Avant d’aborder la question des moyens pour le collège, j’aimerais vous interroger sur une question liée à la carte scolaire. Le CTA a acté la fusion des 2 établissements valentinois, le lycée Algoud et le Lycée Laffemas pour n’en faire plus qu’un le lycée Algoud-Laffemas. Jusqu’à présent le lycée Algoud ne dépendait pas de la carte scolaire. A cette fusion vient s’ajouter l’ouverture en 2016 du collège de Beaumont-lès-Valence, les élèves Beaumontois étant scolarisés auparavant au collège Paul Valery. La carte scolaire des collèges est une compétence du Conseil général qui a commencé une concertation sur cette refonte ; mais celle des Lycées dépend de la DSDEN. Ces 2 éléments auront une répercussion sur le recrutement de certains lycées valentinois, notamment Camille Vernet. Est-il prévu une discussion et une réflexion sur cette question ? Selon quel calendrier et quelles modalités de concertations ?

Pour en revenir à la répartition des moyens pour le département de la Drôme.

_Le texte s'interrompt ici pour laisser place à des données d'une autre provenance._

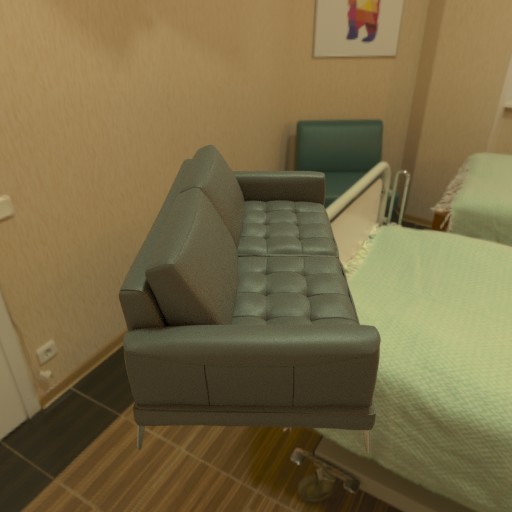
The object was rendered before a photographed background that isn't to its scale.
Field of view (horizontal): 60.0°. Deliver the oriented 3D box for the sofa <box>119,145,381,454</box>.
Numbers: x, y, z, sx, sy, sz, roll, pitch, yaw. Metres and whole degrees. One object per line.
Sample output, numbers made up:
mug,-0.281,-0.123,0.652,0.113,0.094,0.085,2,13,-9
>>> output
sofa,0.000,0.000,2.765,1.121,0.930,2.177,0,30,1
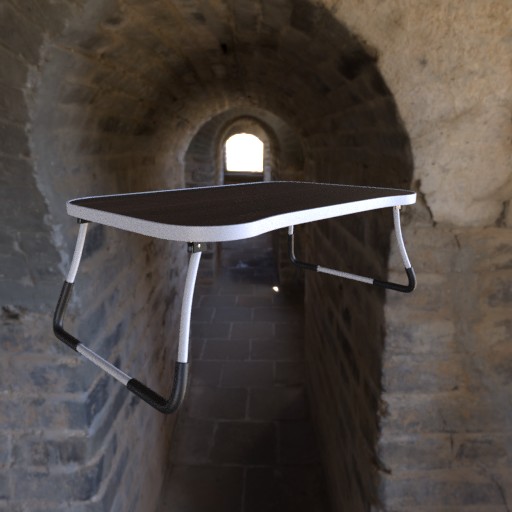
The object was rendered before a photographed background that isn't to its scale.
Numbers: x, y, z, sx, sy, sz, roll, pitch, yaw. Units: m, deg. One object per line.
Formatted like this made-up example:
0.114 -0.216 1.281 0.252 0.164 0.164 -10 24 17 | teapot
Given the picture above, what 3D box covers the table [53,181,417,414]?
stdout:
0.000 0.000 0.853 0.400 0.232 0.660 14 20 43 | table
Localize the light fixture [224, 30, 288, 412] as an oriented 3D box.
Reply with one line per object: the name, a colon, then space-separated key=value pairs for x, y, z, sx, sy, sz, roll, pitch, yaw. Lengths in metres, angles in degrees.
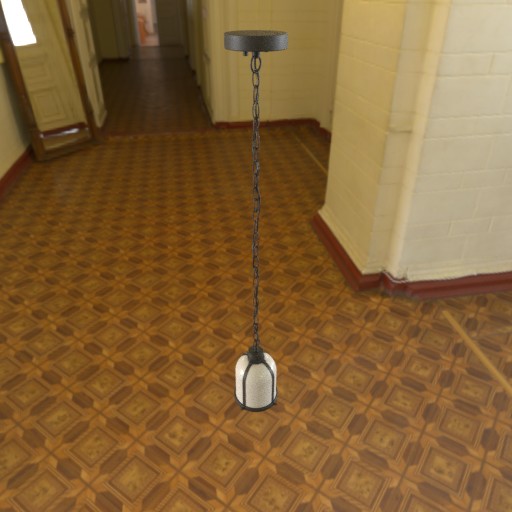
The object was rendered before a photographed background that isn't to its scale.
light fixture: x=0.000 y=0.000 z=1.309 sx=0.178 sy=1.181 sz=0.178 roll=20 pitch=36 yaw=29
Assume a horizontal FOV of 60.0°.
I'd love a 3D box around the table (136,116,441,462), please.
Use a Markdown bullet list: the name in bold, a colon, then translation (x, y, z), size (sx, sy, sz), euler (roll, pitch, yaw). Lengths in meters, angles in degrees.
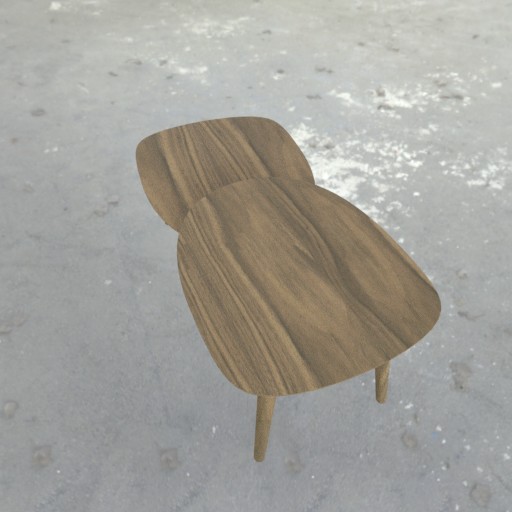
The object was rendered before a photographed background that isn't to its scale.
- **table**: translation (0.000, 0.000, 1.335), size (0.527, 0.429, 1.084), euler (-16, 49, -14)
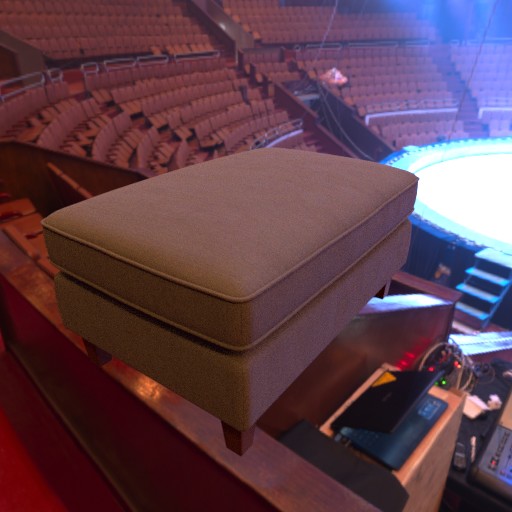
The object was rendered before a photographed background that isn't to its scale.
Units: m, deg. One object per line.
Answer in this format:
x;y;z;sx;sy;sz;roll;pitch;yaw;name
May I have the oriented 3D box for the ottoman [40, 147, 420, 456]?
0.000;0.000;1.292;0.636;0.480;0.941;18;31;32;ottoman
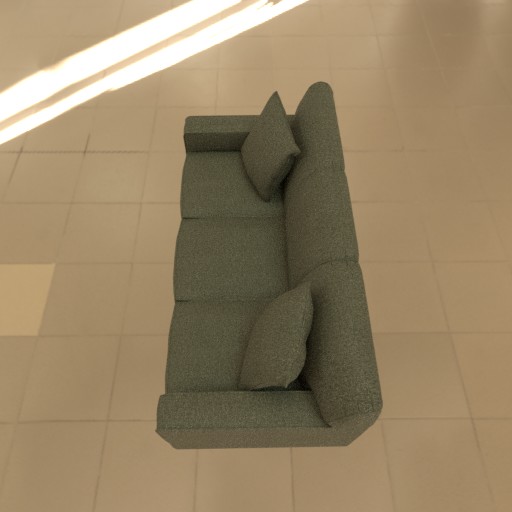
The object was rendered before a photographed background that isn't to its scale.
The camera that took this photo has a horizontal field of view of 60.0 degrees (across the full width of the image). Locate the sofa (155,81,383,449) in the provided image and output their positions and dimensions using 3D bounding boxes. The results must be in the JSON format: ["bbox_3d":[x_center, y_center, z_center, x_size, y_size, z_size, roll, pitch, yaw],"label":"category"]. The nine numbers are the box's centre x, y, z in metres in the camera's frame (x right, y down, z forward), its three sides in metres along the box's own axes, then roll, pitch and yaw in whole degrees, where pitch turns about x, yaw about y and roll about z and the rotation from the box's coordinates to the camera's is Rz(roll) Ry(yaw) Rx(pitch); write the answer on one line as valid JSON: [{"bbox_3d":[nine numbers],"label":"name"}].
[{"bbox_3d":[0.000,0.000,2.602,0.997,0.958,2.024,-1,59,-1],"label":"sofa"}]
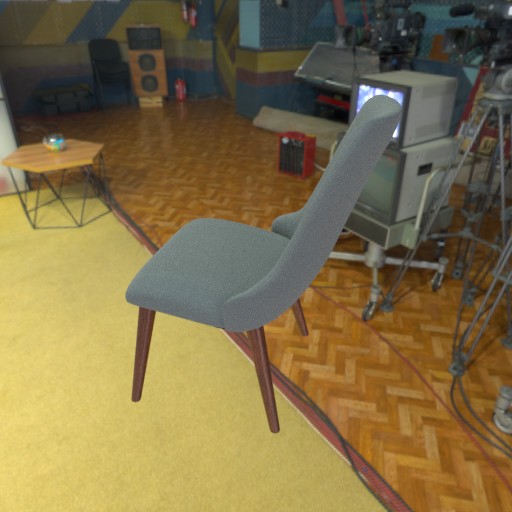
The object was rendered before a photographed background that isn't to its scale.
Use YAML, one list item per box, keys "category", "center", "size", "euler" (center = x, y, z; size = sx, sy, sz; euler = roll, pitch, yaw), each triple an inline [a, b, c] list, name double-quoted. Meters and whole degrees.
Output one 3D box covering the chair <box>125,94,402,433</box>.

A la rentrée prochaine, il verra ses effectifs en collège augmenter de 1,1 % et en S.E.G.P.A de 5,7 %. Pour y répondre le rectorat a alloué 22 ETP supplémentaires, 15 au titre de l’augmentation démographique et 7 au titre de la prise en charge de la difficulté sociale et scolaire dans les collèges qui ne sont pas classés en RRS. Nous aimerions donc connaître les établissements qui vont bénéficier de cette attention particulière à la rentrée prochaine, et la forme que va prendre cette attention particulière.

Sur la répartition des moyens sur la Drôme, on ne peut que constater que l’apport supplémentaire de moyens ne permet que le maintien du taux d’encadrement, voir une légère augmentation la moyenne passant de 25, 55 à 25, 72 et pour les trois collèges en RRS elle reste élevée à 23.96.

On peut cependant se satisfaire de la baisse globale du taux D’H.S. A passant de 6.5, à 5.9, c’est là un point plus que positif d’autant plus qu’au niveau académique le taux d’H.S.A reste élevé à près de 8.1% en collège et 9.2 % en S.E.G.P.A.

Oui la priorité doit être donnée aux élèves les plus défavorisées et les plus en difficultés, les plus fragiles cependant dans les documents transmis on ne peut que s’étonner et contester la politique à l’égard des S.E.G.P.A. Celles-ci sont confrontés à une augmentation importante de leur effectif, les effectifs prévisionnels passant de 557 à 619 élèves soit une augmentation de près de 11 % mais cependant leurs moyens diminuent, c’est 3 divisions en moins pour la rentrée 2014 et 55,7 heures en moins. N’y a-t-il pas là une incohérence dans la politique en faveur des élèves les plus fragiles ?

Au-delà des chiffres, des postes rétablis et leur répartition, la politique éducative ne peut se réduire à cette seule composante, elle est certes un moyen mais pas une fin en soi, la véritable refondation de l’école passera par des réformes de structures, par une redéfinition du métier d’enseignant qui doit s’adapter au XXIème siècle et dépasser les conceptions du siècle passé tout en préservant ça va de soi et en prenant en compte le progrès social pour les personnels.

C’est par la mise en œuvre d’un politique ambitieuse pour les élèves les plus fragiles et pas un saupoudrage de moyens et donc la prise en compte de la difficulté sociale et scolaire ; c’est par la refondation du collège autour de la maîtrise du socle commun de connaissances, de compétences et de culture et celle du lycée avec des parcours plus flexibles corrigeant la rigidité et la hiérarchisation actuelles des séries et s’inscrivant dans la perspective d’un continuum bac-3/bac+3 qu’on améliorera la réussite des élèves et les conditions de travail des personnels. Le Sgen-CFDT affirme une nouvelle fois que des chantiers structurels doivent se poursuivre ou s’ouvrir et y prendra pleinement sa place.